-- RECORDS TO USE follows --
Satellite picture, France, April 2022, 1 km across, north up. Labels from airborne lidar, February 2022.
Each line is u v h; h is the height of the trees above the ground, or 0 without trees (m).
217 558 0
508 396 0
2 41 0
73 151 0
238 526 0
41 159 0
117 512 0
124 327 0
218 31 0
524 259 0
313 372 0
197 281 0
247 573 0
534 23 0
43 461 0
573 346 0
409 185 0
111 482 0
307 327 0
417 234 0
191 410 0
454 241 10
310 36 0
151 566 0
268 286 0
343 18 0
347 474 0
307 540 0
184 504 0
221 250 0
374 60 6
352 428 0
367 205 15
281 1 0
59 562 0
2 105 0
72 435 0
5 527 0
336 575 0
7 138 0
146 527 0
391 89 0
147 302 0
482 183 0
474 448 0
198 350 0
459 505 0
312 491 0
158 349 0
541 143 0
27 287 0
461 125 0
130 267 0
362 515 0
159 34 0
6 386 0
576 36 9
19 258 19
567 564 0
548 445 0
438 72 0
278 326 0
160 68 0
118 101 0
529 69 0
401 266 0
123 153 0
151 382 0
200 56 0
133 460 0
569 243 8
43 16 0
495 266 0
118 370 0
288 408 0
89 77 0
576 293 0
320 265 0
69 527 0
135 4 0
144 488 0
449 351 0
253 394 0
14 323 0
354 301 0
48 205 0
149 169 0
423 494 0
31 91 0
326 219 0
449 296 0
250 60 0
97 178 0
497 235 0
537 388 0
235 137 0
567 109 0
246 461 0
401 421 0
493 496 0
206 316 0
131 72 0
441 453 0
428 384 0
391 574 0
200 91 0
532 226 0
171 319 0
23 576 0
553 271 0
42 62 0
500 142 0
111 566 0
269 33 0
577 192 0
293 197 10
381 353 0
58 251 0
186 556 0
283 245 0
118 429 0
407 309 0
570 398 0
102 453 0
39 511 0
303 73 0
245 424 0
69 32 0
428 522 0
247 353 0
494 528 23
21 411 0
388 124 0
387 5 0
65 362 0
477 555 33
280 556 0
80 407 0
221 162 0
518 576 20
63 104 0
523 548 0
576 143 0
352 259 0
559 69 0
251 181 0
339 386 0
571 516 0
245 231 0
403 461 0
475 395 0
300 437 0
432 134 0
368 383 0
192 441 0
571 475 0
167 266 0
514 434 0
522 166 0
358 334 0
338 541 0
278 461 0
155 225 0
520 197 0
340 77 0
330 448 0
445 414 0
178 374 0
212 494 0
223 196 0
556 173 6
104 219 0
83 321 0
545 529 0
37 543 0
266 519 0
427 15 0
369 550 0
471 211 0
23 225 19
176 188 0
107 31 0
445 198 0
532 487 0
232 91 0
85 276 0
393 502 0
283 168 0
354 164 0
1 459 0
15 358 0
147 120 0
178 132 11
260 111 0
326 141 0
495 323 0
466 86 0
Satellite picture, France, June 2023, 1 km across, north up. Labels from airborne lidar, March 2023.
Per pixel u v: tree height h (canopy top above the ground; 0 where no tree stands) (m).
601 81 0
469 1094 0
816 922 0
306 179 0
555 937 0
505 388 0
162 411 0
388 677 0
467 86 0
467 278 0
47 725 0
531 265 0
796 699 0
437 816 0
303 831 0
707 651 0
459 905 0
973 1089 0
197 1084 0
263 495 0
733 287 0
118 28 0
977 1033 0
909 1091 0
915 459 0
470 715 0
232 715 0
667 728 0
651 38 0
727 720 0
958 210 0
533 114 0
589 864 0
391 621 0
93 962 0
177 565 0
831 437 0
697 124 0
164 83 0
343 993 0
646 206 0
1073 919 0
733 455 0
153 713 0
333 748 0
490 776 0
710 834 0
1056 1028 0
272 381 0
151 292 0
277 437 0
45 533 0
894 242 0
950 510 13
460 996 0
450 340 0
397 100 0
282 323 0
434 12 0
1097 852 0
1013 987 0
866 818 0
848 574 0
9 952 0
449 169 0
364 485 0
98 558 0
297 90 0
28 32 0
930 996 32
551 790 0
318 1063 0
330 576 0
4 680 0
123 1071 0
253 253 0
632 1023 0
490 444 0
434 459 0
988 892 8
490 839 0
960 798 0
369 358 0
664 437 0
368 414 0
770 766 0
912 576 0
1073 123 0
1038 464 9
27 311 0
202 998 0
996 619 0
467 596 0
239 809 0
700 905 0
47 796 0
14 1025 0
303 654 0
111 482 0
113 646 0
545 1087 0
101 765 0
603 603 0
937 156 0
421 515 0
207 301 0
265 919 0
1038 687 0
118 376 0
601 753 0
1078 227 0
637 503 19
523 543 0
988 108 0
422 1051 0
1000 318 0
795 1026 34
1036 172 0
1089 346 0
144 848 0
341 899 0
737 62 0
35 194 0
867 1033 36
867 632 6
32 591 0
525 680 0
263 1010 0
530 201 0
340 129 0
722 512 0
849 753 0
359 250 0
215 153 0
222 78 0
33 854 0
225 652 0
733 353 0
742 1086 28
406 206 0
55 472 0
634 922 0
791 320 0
-- RECORDS TO USE concluded --
-- RECORDS TO USE follows --
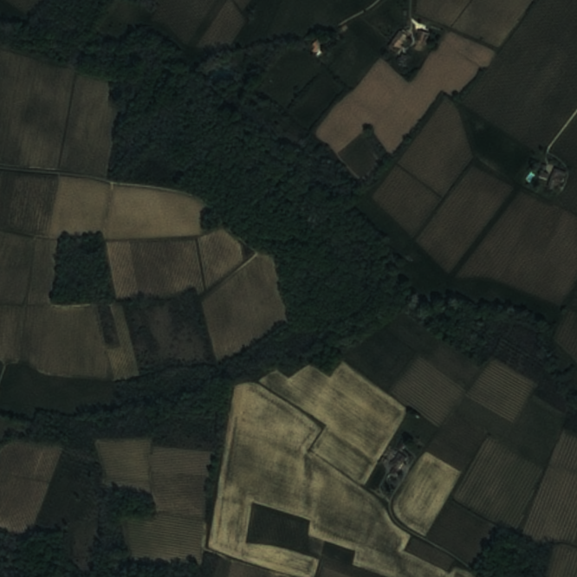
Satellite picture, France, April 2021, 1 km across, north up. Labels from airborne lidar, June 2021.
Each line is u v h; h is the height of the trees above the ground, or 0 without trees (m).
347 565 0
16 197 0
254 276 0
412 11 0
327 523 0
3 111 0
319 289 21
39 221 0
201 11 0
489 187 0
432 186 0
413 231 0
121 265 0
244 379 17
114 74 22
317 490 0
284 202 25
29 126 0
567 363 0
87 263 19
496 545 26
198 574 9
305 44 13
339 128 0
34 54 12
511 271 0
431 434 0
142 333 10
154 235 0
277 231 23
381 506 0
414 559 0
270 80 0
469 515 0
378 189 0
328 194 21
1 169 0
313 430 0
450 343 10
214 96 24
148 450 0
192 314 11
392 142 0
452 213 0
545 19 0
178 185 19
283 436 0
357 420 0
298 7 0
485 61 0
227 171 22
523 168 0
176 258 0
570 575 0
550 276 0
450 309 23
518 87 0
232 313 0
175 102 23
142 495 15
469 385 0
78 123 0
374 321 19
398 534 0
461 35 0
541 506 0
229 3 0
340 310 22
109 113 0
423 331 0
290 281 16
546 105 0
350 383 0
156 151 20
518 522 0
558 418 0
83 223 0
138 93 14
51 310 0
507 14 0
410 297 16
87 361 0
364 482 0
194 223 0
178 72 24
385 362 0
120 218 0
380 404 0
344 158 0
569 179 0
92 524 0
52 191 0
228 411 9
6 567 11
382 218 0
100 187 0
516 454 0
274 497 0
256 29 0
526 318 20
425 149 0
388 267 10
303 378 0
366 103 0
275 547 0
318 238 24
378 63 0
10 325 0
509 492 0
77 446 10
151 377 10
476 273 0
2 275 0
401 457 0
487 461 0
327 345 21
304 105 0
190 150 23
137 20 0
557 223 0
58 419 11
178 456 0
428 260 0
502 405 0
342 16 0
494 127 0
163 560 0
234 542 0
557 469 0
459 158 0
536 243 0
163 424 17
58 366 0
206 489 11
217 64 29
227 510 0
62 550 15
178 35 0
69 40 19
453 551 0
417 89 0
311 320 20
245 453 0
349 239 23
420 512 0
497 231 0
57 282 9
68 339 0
-- RECORDS TO USE concluded --
-- RECORDS TO USE follows --
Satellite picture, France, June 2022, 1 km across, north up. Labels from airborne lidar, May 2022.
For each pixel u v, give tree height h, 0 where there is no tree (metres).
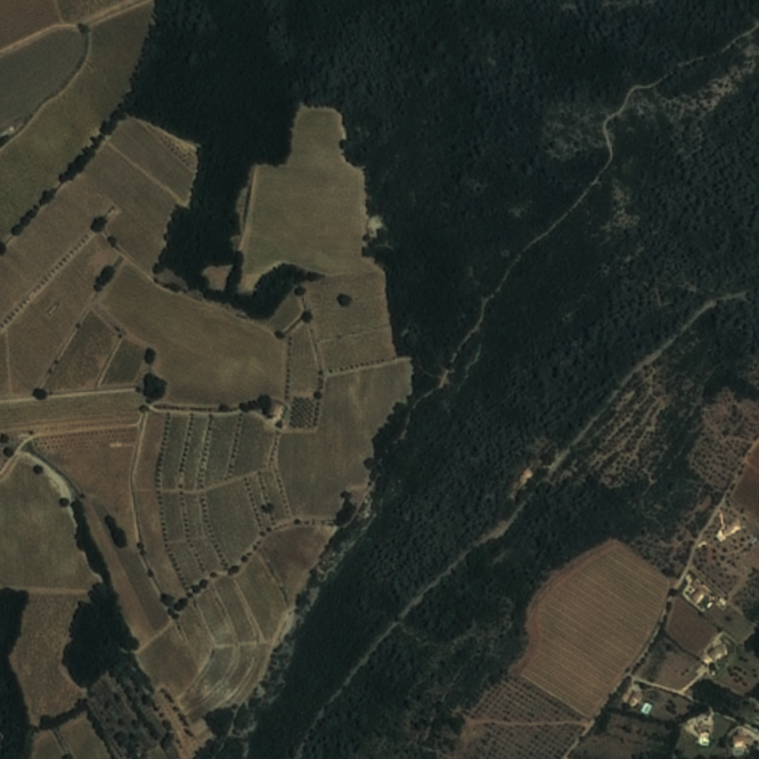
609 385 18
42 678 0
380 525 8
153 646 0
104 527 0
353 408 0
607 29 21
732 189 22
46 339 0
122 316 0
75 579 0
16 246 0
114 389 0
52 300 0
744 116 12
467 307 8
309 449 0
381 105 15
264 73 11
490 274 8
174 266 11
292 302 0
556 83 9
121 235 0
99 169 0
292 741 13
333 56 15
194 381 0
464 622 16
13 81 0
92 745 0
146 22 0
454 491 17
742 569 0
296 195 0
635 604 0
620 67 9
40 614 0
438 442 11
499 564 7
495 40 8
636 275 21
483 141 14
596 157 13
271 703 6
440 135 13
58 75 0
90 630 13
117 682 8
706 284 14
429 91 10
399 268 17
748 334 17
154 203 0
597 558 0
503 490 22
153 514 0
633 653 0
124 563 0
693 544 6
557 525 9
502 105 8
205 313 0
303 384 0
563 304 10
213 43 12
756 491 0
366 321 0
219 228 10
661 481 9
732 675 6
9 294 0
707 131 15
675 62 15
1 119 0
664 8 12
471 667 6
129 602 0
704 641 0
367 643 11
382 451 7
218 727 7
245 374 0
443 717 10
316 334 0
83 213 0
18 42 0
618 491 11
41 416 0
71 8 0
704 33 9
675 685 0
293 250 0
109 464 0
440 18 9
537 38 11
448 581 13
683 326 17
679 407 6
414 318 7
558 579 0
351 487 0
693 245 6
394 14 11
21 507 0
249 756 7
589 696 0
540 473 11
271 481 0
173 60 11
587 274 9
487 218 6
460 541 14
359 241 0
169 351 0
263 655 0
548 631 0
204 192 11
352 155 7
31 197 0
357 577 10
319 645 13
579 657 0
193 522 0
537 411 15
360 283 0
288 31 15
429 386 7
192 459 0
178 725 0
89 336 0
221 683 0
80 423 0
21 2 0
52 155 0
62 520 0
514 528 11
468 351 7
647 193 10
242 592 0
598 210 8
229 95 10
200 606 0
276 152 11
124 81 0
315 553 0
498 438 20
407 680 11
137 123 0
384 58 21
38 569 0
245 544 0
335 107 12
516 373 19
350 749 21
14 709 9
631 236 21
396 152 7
-- RECORDS TO USE concluded --
--- ACTION ITEM ---
Among the records above, find the lines where the word "airborne" appears and copy them.

--- TASK RESPONSE ---
Satellite picture, France, April 2022, 1 km across, north up. Labels from airborne lidar, February 2022.
Satellite picture, France, June 2023, 1 km across, north up. Labels from airborne lidar, March 2023.
Satellite picture, France, April 2021, 1 km across, north up. Labels from airborne lidar, June 2021.
Satellite picture, France, June 2022, 1 km across, north up. Labels from airborne lidar, May 2022.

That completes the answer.